I'm having a serious problem with Fringe this season. Not only does Olivia not seem herself, it's also really weird to see her in the blue t-shirt. Maybe that's just me. My real problem is that Peter and Olivia never got married. WTF? Despite everything they've been through and despite their daughter, I don't think Peter is in this relationship as much as Olivia is. I'm still a little peeved that he couldn't tell he was with Fauxlivia in season three. That very obviously wasn't Olivia, and it pissed me off that he couldn't see it. And then in season four he told her that when he looked in her eyes he could see that she wasn't "his Olivia". How many times does he have to mistake her identity before Olivia doesn't forgive him? Besides all of that, he has never said "I love you." Not when she came to get him in the alternate universe, not when she escaped from the alternate universe, not after she said it, not after he got out of the machine after she was killed in the would-be future, not when she was killed in the season four finale, not after she told him she was pregnant. What is wrong with him? I like Olivia too much to take his bullshit anymore. The problem is that I can't write him off because of the enormous romantic gesture. He literally changed the future and erased himself from existence for her, so she would live.

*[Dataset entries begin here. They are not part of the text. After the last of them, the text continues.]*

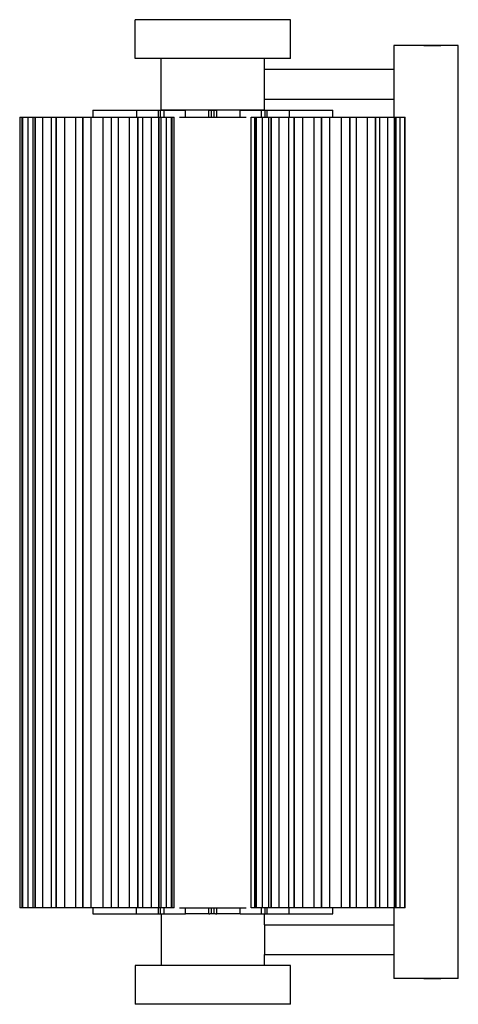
# Model space of a CAD drawing. Header units: millimetres. Extents: x 4079 to 4249, y 128 to 509.
import ezdxf

# ---------------------------------------------------------------- set-up
doc = ezdxf.new("R2010")
doc.units = ezdxf.units.MM

msp = doc.modelspace()

# ---------------------------------------------------------------- linework, layer by layer
at = {"color": 7, "linetype": 'Continuous', "lineweight": 25}
for p, q in [((4124.19, 493.73), (4124.19, 508.73)), ((4184.19, 493.73), (4184.19, 508.73)), ((4224.15, 498.73), (4224.15, 471)), ((4249.15, 498.73), (4224.15, 498.73)), ((4235.85, 498.73), (4235.85, 498.73)), ((4242.45, 498.73), (4242.45, 498.73)), ((4249.15, 137.73), (4249.15, 498.73)), ((4134.15, 473.72), (4134.15, 493.72)), ((4147.69, 493.72), (4147.69, 493.73)), ((4160.69, 493.72), (4160.69, 493.73)), ((4174.15, 489.44), (4174.15, 493.72)), ((4224.15, 489.48), (4174.15, 489.48)), ((4174.15, 473.72), (4174.15, 478.01)), ((4174.15, 477.98), (4224.15, 477.98)), ((4107.73, 473.72), (4107.73, 471)), ((4124.62, 473.72), (4124.62, 471)), ((4124.62, 473.72), (4143.57, 473.72)), ((4133.22, 471), (4133.22, 473.72)), ((4133.92, 471), (4133.92, 473.72)), ((4135.34, 471), (4135.34, 473.72)), ((4143.57, 471), (4143.57, 473.72)), ((4152.68, 471), (4152.68, 473.72)), ((4152.68, 473.72), (4155.68, 473.72)), ((4153.68, 471), (4153.68, 473.72)), ((4154.68, 471), (4154.68, 473.72)), ((4155.68, 471), (4155.68, 473.72)), ((4164.79, 471), (4164.79, 473.72)), ((4164.79, 473.72), (4183.74, 473.72)), ((4173.03, 471), (4173.03, 473.72)), ((4174.44, 471), (4174.44, 473.72)), ((4175.15, 471), (4175.15, 473.72)), ((4183.74, 473.72), (4183.74, 471)), ((4200.63, 471), (4200.63, 473.72)), ((4079.49, 471), (4079.49, 165)), ((4079.49, 471), (4139.27, 471)), ((4080.37, 471), (4080.37, 165)), ((4080.52, 471), (4080.52, 165)), ((4080.53, 165), (4080.53, 471)), ((4082.57, 471), (4082.57, 165)), ((4084.63, 471), (4084.63, 165)), ((4085.44, 471), (4085.44, 165)), ((4085.46, 165), (4085.46, 471)), ((4088.25, 471), (4088.25, 165)), ((4091.77, 165), (4091.77, 471)), ((4093.59, 471), (4093.59, 165)), ((4093.63, 165), (4093.63, 471)), ((4096.78, 471), (4096.78, 165)), ((4101.22, 165), (4101.22, 471)), ((4103.86, 471), (4103.86, 165)), ((4103.93, 165), (4103.93, 471)), ((4107.03, 471), (4107.03, 165)), ((4111.77, 165), (4111.77, 471)), ((4114.88, 471), (4114.88, 165)), ((4114.96, 165), (4114.96, 471)), ((4117.59, 471), (4117.59, 165)), ((4122, 165), (4122, 471)), ((4125.15, 471), (4125.15, 165)), ((4125.23, 165), (4125.23, 471)), ((4127.04, 471), (4127.04, 165)), ((4130.53, 165), (4130.53, 471)), ((4133.29, 471), (4133.29, 165)), ((4133.36, 165), (4133.36, 471)), ((4134.16, 165), (4134.16, 471)), ((4136.21, 165), (4136.21, 471)), ((4138.22, 471), (4138.22, 165)), ((4138.25, 165), (4138.25, 471)), ((4138.4, 165), (4138.4, 471)), ((4139.27, 165), (4139.27, 471)), ((4141.31, 471), (4167.07, 471)), ((4168.99, 471), (4228.55, 471)), ((4168.99, 165), (4168.99, 471)), ((4170.27, 471), (4170.27, 165)), ((4170.74, 471), (4170.74, 165)), ((4171, 471), (4171, 165)), ((4171.01, 165), (4171.01, 471)), ((4173.27, 471), (4173.27, 165)), ((4175.77, 471), (4175.77, 165)), ((4176.81, 471), (4176.81, 165)), ((4176.82, 165), (4176.82, 471)), ((4179.75, 471), (4179.75, 165)), ((4183.55, 165), (4183.55, 471)), ((4185.61, 471), (4185.61, 165)), ((4185.63, 165), (4185.63, 471)), ((4188.83, 471), (4188.83, 165)), ((4193.41, 165), (4193.41, 471)), ((4196.21, 471), (4196.21, 165)), ((4196.25, 165), (4196.25, 471)), ((4199.28, 471), (4199.28, 165)), ((4204.03, 165), (4204.03, 471)), ((4207.19, 471), (4207.19, 165)), ((4207.24, 165), (4207.24, 471)), ((4209.7, 471), (4209.7, 165)), ((4213.96, 165), (4213.96, 471)), ((4217.06, 471), (4217.06, 165)), ((4217.11, 165), (4217.11, 471)), ((4218.67, 471), (4218.67, 165)), ((4221.87, 165), (4221.87, 471)), ((4224.48, 471), (4224.48, 165)), ((4224.52, 165), (4224.52, 471)), ((4225.12, 165), (4225.12, 471)), ((4226.69, 165), (4226.69, 471)), ((4228.47, 471), (4228.47, 165)), ((4228.49, 165), (4228.49, 471)), ((4228.55, 165), (4228.55, 471)), ((4139.27, 165), (4079.49, 165)), ((4107.73, 165), (4107.73, 162.72)), ((4124.62, 162.72), (4124.62, 165)), ((4133.22, 162.72), (4133.22, 165)), ((4133.92, 162.72), (4133.92, 165)), ((4135.34, 162.72), (4135.34, 165)), ((4141.31, 165), (4167.07, 165)), ((4143.57, 162.72), (4143.57, 165)), ((4152.68, 162.72), (4152.68, 165)), ((4153.68, 162.73), (4153.68, 165)), ((4154.68, 162.73), (4154.68, 165)), ((4155.68, 162.72), (4155.68, 165)), ((4164.79, 162.72), (4164.79, 165)), ((4228.55, 165), (4168.99, 165)), ((4173.03, 162.72), (4173.03, 165)), ((4174.44, 162.72), (4174.44, 165)), ((4175.15, 162.72), (4175.15, 165)), ((4183.74, 162.72), (4183.74, 165)), ((4200.63, 162.72), (4200.63, 165)), ((4224.15, 165), (4224.15, 137.73)), ((4124.62, 162.72), (4143.57, 162.72)), ((4134.15, 162.72), (4134.15, 142.73)), ((4152.68, 162.72), (4153.07, 162.72)), ((4153.07, 162.73), (4153.07, 162.72)), ((4155.29, 162.72), (4155.29, 162.73)), ((4155.29, 162.72), (4155.68, 162.72)), ((4164.79, 162.72), (4183.74, 162.72)), ((4174.15, 158.44), (4174.15, 162.72)), ((4174.15, 158.48), (4224.15, 158.48)), ((4174.15, 142.73), (4174.15, 147.01)), ((4174.15, 146.98), (4224.15, 146.98)), ((4124.19, 142.73), (4124.19, 127.73)), ((4147.69, 142.73), (4147.69, 142.73)), ((4160.69, 142.73), (4160.69, 142.73)), ((4184.19, 127.73), (4184.19, 142.73)), ((4249.15, 137.73), (4224.15, 137.73)), ((4235.85, 137.73), (4235.85, 137.73)), ((4242.45, 137.73), (4242.45, 137.73))]:
    msp.add_line(p, q, dxfattribs=at)
for points, knots in [([(4184.19, 508.73), (4184.19, 508.73), (4184.04, 508.73), (4183.35, 508.73), (4182.82, 508.73), (4181.36, 508.73), (4180.43, 508.73), (4178.18, 508.73), (4176.87, 508.73), (4173.94, 508.73), (4172.33, 508.73), (4168.9, 508.73), (4167.08, 508.73), (4163.39, 508.73), (4161.51, 508.73), (4157.8, 508.73), (4155.96, 508.73), (4152.43, 508.73), (4150.59, 508.73), (4146.88, 508.73), (4145, 508.73), (4141.31, 508.73), (4139.49, 508.73), (4136.06, 508.73), (4134.45, 508.73), (4131.52, 508.73), (4130.21, 508.73), (4127.96, 508.73), (4127.03, 508.73), (4125.57, 508.73), (4125.04, 508.73), (4124.35, 508.73), (4124.19, 508.73), (4124.19, 508.73)], [0, 0, 0, 0, 0.0625, 0.0625, 0.125, 0.125, 0.1875, 0.1875, 0.25, 0.25, 0.3125, 0.3125, 0.375, 0.375, 0.4375, 0.4375, 0.5, 0.5, 0.5625, 0.5625, 0.625, 0.625, 0.6875, 0.6875, 0.75, 0.75, 0.8125, 0.8125, 0.875, 0.875, 0.9375, 0.9375, 1, 1, 1, 1]), ([(4235.85, 498.73), (4235.85, 498.73), (4235.92, 498.73), (4236.24, 498.73), (4236.49, 498.73), (4237.13, 498.73), (4237.53, 498.73), (4238.34, 498.73), (4238.76, 498.73), (4239.54, 498.73), (4239.96, 498.73), (4240.77, 498.73), (4241.16, 498.73), (4241.8, 498.73), (4242.06, 498.73), (4242.38, 498.73), (4242.45, 498.73), (4242.45, 498.73)], [0, 0, 0, 0, 0.125, 0.125, 0.25, 0.25, 0.375, 0.375, 0.5, 0.5, 0.625, 0.625, 0.75, 0.75, 0.875, 0.875, 1, 1, 1, 1]), ([(4184.19, 493.73), (4184.19, 493.73), (4184.04, 493.73), (4183.35, 493.73), (4182.82, 493.73), (4181.36, 493.73), (4180.43, 493.73), (4178.18, 493.73), (4176.87, 493.73), (4173.94, 493.73), (4172.33, 493.73), (4168.9, 493.73), (4167.08, 493.73), (4163.39, 493.73), (4161.51, 493.73), (4157.8, 493.73), (4155.96, 493.73), (4152.43, 493.73), (4150.59, 493.73), (4146.88, 493.73), (4145, 493.73), (4141.31, 493.73), (4139.49, 493.73), (4136.06, 493.73), (4134.45, 493.73), (4131.52, 493.73), (4130.21, 493.73), (4127.96, 493.73), (4127.03, 493.73), (4125.57, 493.73), (4125.04, 493.73), (4124.35, 493.73), (4124.19, 493.73), (4124.19, 493.73)], [0, 0, 0, 0, 0.0625, 0.0625, 0.125, 0.125, 0.1875, 0.1875, 0.25, 0.25, 0.3125, 0.3125, 0.375, 0.375, 0.4375, 0.4375, 0.5, 0.5, 0.5625, 0.5625, 0.625, 0.625, 0.6875, 0.6875, 0.75, 0.75, 0.8125, 0.8125, 0.875, 0.875, 0.9375, 0.9375, 1, 1, 1, 1]), ([(4174.15, 493.72), (4174.15, 493.72), (4174.04, 493.72), (4173.59, 493.72), (4173.23, 493.72), (4172.26, 493.72), (4171.64, 493.72), (4170.14, 493.72), (4169.27, 493.72), (4167.32, 493.72), (4166.24, 493.72), (4163.95, 493.72), (4162.74, 493.72), (4160.28, 493.72), (4159.03, 493.72), (4156.55, 493.72), (4155.33, 493.72), (4152.97, 493.72), (4151.75, 493.72), (4149.27, 493.72), (4148.02, 493.72), (4145.56, 493.72), (4144.35, 493.72), (4142.06, 493.72), (4140.98, 493.72), (4139.03, 493.72), (4138.16, 493.72), (4136.66, 493.72), (4136.04, 493.72), (4135.07, 493.72), (4134.71, 493.72), (4134.25, 493.72), (4134.15, 493.72), (4134.15, 493.72)], [0, 0, 0, 0, 0.0625, 0.0625, 0.125, 0.125, 0.1875, 0.1875, 0.25, 0.25, 0.3125, 0.3125, 0.375, 0.375, 0.4375, 0.4375, 0.5, 0.5, 0.5625, 0.5625, 0.625, 0.625, 0.6875, 0.6875, 0.75, 0.75, 0.8125, 0.8125, 0.875, 0.875, 0.9375, 0.9375, 1, 1, 1, 1]), ([(4174.15, 477.98), (4174.15, 478.06), (4174.15, 478.24), (4174.15, 479.62), (4174.15, 481.58), (4174.15, 483.9), (4174.15, 486.19), (4174.15, 488.07), (4174.15, 489.29), (4174.15, 489.38), (4174.15, 489.42)], [0, 0, 0, 0, 0.126328, 0.256078, 0.380537, 0.509127, 0.637717, 0.762176, 0.891926, 1, 1, 1, 1]), ([(4107.76, 473.72), (4107.75, 473.72), (4107.64, 473.72), (4108.08, 473.72), (4109.07, 473.72), (4110.63, 473.72), (4112.59, 473.72), (4114.95, 473.72), (4117.59, 473.72), (4120.24, 473.72), (4122.67, 473.72), (4123.99, 473.72), (4124.62, 473.72)], [0, 0, 0, 0, 0.0109576, 0.1257636, 0.2367036, 0.3406384, 0.4445732, 0.5555133, 0.6703192, 0.7851251, 0.8960652, 1, 1, 1, 1]), ([(4174.15, 473.72), (4174.15, 473.72), (4174.04, 473.72), (4173.59, 473.72), (4173.23, 473.72), (4172.26, 473.72), (4171.64, 473.72), (4170.14, 473.72), (4169.27, 473.72), (4167.32, 473.72), (4166.24, 473.72), (4163.95, 473.72), (4162.74, 473.72), (4160.28, 473.72), (4159.03, 473.72), (4156.55, 473.72), (4155.33, 473.72), (4152.97, 473.72), (4151.75, 473.72), (4149.27, 473.72), (4148.02, 473.72), (4145.56, 473.72), (4144.35, 473.72), (4142.06, 473.72), (4140.98, 473.72), (4139.03, 473.72), (4138.16, 473.72), (4136.66, 473.72), (4136.04, 473.72), (4135.07, 473.72), (4134.71, 473.72), (4134.25, 473.72), (4134.15, 473.72), (4134.15, 473.72)], [0, 0, 0, 0, 0.0625, 0.0625, 0.125, 0.125, 0.1875, 0.1875, 0.25, 0.25, 0.3125, 0.3125, 0.375, 0.375, 0.4375, 0.4375, 0.5, 0.5, 0.5625, 0.5625, 0.625, 0.625, 0.6875, 0.6875, 0.75, 0.75, 0.8125, 0.8125, 0.875, 0.875, 0.9375, 0.9375, 1, 1, 1, 1]), ([(4152.68, 473.72), (4151.85, 473.72), (4151, 473.72), (4149.35, 473.72), (4148.54, 473.72), (4146.97, 473.72), (4146.22, 473.72), (4144.82, 473.72), (4144.17, 473.72), (4143.57, 473.72)], [0, 0, 0, 0, 0.25, 0.25, 0.5, 0.5, 0.75, 0.75, 1, 1, 1, 1]), ([(4164.79, 473.72), (4164.19, 473.72), (4163.54, 473.72), (4162.14, 473.72), (4161.39, 473.72), (4159.83, 473.72), (4159.01, 473.72), (4157.36, 473.72), (4156.52, 473.72), (4155.68, 473.72)], [0, 0, 0, 0, 0.25, 0.25, 0.5, 0.5, 0.75, 0.75, 1, 1, 1, 1]), ([(4183.74, 473.72), (4184.38, 473.72), (4185.69, 473.72), (4188.13, 473.72), (4190.78, 473.72), (4193.41, 473.72), (4195.78, 473.72), (4197.73, 473.72), (4199.29, 473.72), (4200.28, 473.72), (4200.72, 473.72), (4200.61, 473.72), (4200.6, 473.72)], [0, 0, 0, 0, 0.1039348, 0.2148749, 0.3296808, 0.4444867, 0.5554268, 0.6593616, 0.7632964, 0.8742364, 0.9890424, 1, 1, 1, 1]), ([(4107.76, 162.72), (4107.75, 162.72), (4107.64, 162.72), (4108.08, 162.72), (4109.07, 162.72), (4110.63, 162.72), (4112.59, 162.72), (4114.95, 162.72), (4117.59, 162.72), (4120.24, 162.72), (4122.67, 162.72), (4123.99, 162.72), (4124.62, 162.72)], [0, 0, 0, 0, 0.010958, 0.125764, 0.236704, 0.340638, 0.444573, 0.555513, 0.670319, 0.785125, 0.896065, 1, 1, 1, 1]), ([(4152.68, 162.72), (4151.85, 162.72), (4151, 162.72), (4149.35, 162.72), (4148.54, 162.72), (4146.97, 162.72), (4146.22, 162.72), (4144.82, 162.72), (4144.17, 162.72), (4143.57, 162.72)], [0, 0, 0, 0, 0.25, 0.25, 0.5, 0.5, 0.75, 0.75, 1, 1, 1, 1]), ([(4164.79, 162.72), (4164.19, 162.72), (4163.54, 162.72), (4162.14, 162.72), (4161.39, 162.72), (4159.83, 162.72), (4159.01, 162.72), (4157.36, 162.72), (4156.52, 162.72), (4155.68, 162.72)], [0, 0, 0, 0, 0.25, 0.25, 0.5, 0.5, 0.75, 0.75, 1, 1, 1, 1]), ([(4183.74, 162.72), (4184.38, 162.72), (4185.69, 162.72), (4188.13, 162.72), (4190.78, 162.72), (4193.41, 162.72), (4195.78, 162.72), (4197.73, 162.72), (4199.29, 162.72), (4200.28, 162.72), (4200.72, 162.72), (4200.61, 162.72), (4200.6, 162.72)], [0, 0, 0, 0, 0.1039348, 0.2148749, 0.3296808, 0.4444867, 0.5554268, 0.6593616, 0.7632964, 0.8742364, 0.9890424, 1, 1, 1, 1]), ([(4174.15, 158.48), (4174.15, 158.39), (4174.15, 158.21), (4174.15, 156.83), (4174.15, 154.87), (4174.15, 152.55), (4174.15, 150.27), (4174.15, 148.39), (4174.15, 147.17), (4174.15, 147.07), (4174.15, 147.03)], [0, 0, 0, 0, 0.126345, 0.256114, 0.38059, 0.509198, 0.637806, 0.762281, 0.89205, 1, 1, 1, 1]), ([(4184.19, 142.73), (4184.19, 142.73), (4184.04, 142.73), (4183.35, 142.73), (4182.82, 142.73), (4181.36, 142.73), (4180.43, 142.73), (4178.18, 142.73), (4176.87, 142.73), (4173.94, 142.73), (4172.33, 142.73), (4168.9, 142.73), (4167.08, 142.73), (4163.39, 142.73), (4161.51, 142.73), (4157.8, 142.73), (4155.96, 142.73), (4152.43, 142.73), (4150.59, 142.73), (4146.88, 142.73), (4145, 142.73), (4141.31, 142.73), (4139.49, 142.73), (4136.06, 142.73), (4134.45, 142.73), (4131.52, 142.73), (4130.21, 142.73), (4127.96, 142.73), (4127.03, 142.73), (4125.57, 142.73), (4125.04, 142.73), (4124.35, 142.73), (4124.19, 142.73), (4124.19, 142.73)], [0, 0, 0, 0, 0.0625, 0.0625, 0.125, 0.125, 0.1875, 0.1875, 0.25, 0.25, 0.3125, 0.3125, 0.375, 0.375, 0.4375, 0.4375, 0.5, 0.5, 0.5625, 0.5625, 0.625, 0.625, 0.6875, 0.6875, 0.75, 0.75, 0.8125, 0.8125, 0.875, 0.875, 0.9375, 0.9375, 1, 1, 1, 1]), ([(4174.15, 142.73), (4174.15, 142.73), (4174.04, 142.73), (4173.59, 142.73), (4173.23, 142.73), (4172.26, 142.73), (4171.64, 142.73), (4170.14, 142.73), (4169.27, 142.73), (4167.32, 142.73), (4166.24, 142.73), (4163.95, 142.73), (4162.74, 142.73), (4160.28, 142.73), (4159.03, 142.73), (4156.55, 142.73), (4155.33, 142.73), (4152.97, 142.73), (4151.75, 142.73), (4149.27, 142.73), (4148.02, 142.73), (4145.56, 142.73), (4144.35, 142.73), (4142.06, 142.73), (4140.98, 142.73), (4139.03, 142.73), (4138.16, 142.73), (4136.66, 142.73), (4136.04, 142.73), (4135.07, 142.73), (4134.71, 142.73), (4134.25, 142.73), (4134.15, 142.73), (4134.15, 142.73)], [0, 0, 0, 0, 0.0625, 0.0625, 0.125, 0.125, 0.1875, 0.1875, 0.25, 0.25, 0.3125, 0.3125, 0.375, 0.375, 0.4375, 0.4375, 0.5, 0.5, 0.5625, 0.5625, 0.625, 0.625, 0.6875, 0.6875, 0.75, 0.75, 0.8125, 0.8125, 0.875, 0.875, 0.9375, 0.9375, 1, 1, 1, 1]), ([(4235.85, 137.73), (4235.85, 137.73), (4235.92, 137.73), (4236.24, 137.73), (4236.49, 137.73), (4237.13, 137.73), (4237.53, 137.73), (4238.34, 137.73), (4238.76, 137.73), (4239.54, 137.73), (4239.96, 137.73), (4240.77, 137.73), (4241.16, 137.73), (4241.8, 137.73), (4242.06, 137.73), (4242.38, 137.73), (4242.45, 137.73), (4242.45, 137.73)], [0, 0, 0, 0, 0.125, 0.125, 0.25, 0.25, 0.375, 0.375, 0.5, 0.5, 0.625, 0.625, 0.75, 0.75, 0.875, 0.875, 1, 1, 1, 1]), ([(4184.19, 127.73), (4184.19, 127.73), (4184.04, 127.73), (4183.35, 127.73), (4182.82, 127.73), (4181.36, 127.73), (4180.43, 127.73), (4178.18, 127.73), (4176.87, 127.73), (4173.94, 127.73), (4172.33, 127.73), (4168.9, 127.73), (4167.08, 127.73), (4163.39, 127.73), (4161.51, 127.73), (4157.8, 127.73), (4155.96, 127.73), (4152.43, 127.73), (4150.59, 127.73), (4146.88, 127.73), (4145, 127.73), (4141.31, 127.73), (4139.49, 127.73), (4136.06, 127.73), (4134.45, 127.73), (4131.52, 127.73), (4130.21, 127.73), (4127.96, 127.73), (4127.03, 127.73), (4125.57, 127.73), (4125.04, 127.73), (4124.35, 127.73), (4124.19, 127.73), (4124.19, 127.73)], [0, 0, 0, 0, 0.0625, 0.0625, 0.125, 0.125, 0.1875, 0.1875, 0.25, 0.25, 0.3125, 0.3125, 0.375, 0.375, 0.4375, 0.4375, 0.5, 0.5, 0.5625, 0.5625, 0.625, 0.625, 0.6875, 0.6875, 0.75, 0.75, 0.8125, 0.8125, 0.875, 0.875, 0.9375, 0.9375, 1, 1, 1, 1])]:
    msp.add_open_spline(points, degree=3, knots=knots, dxfattribs=at)
msp.add_open_spline([(4155.29, 162.73), (4154.55, 162.73), (4153.81, 162.73), (4153.07, 162.73)], degree=3, dxfattribs=at)

doc.saveas('drawing.dxf')

I wonder if The Good Wife is a popular show. It has to be popular enough if it keeps coming back. Where is the love though? Why isn't Alan Cumming winning all those Emmys? He is so good in that show. His eyebrows alone could tell the story. Speaking of TGW, Kalinda's hubby needs to go. Sure, that ice cream scene was wonderfully dirty, but her storyline is just out there. She needs to come back down to earth.

Why do these tears come at night?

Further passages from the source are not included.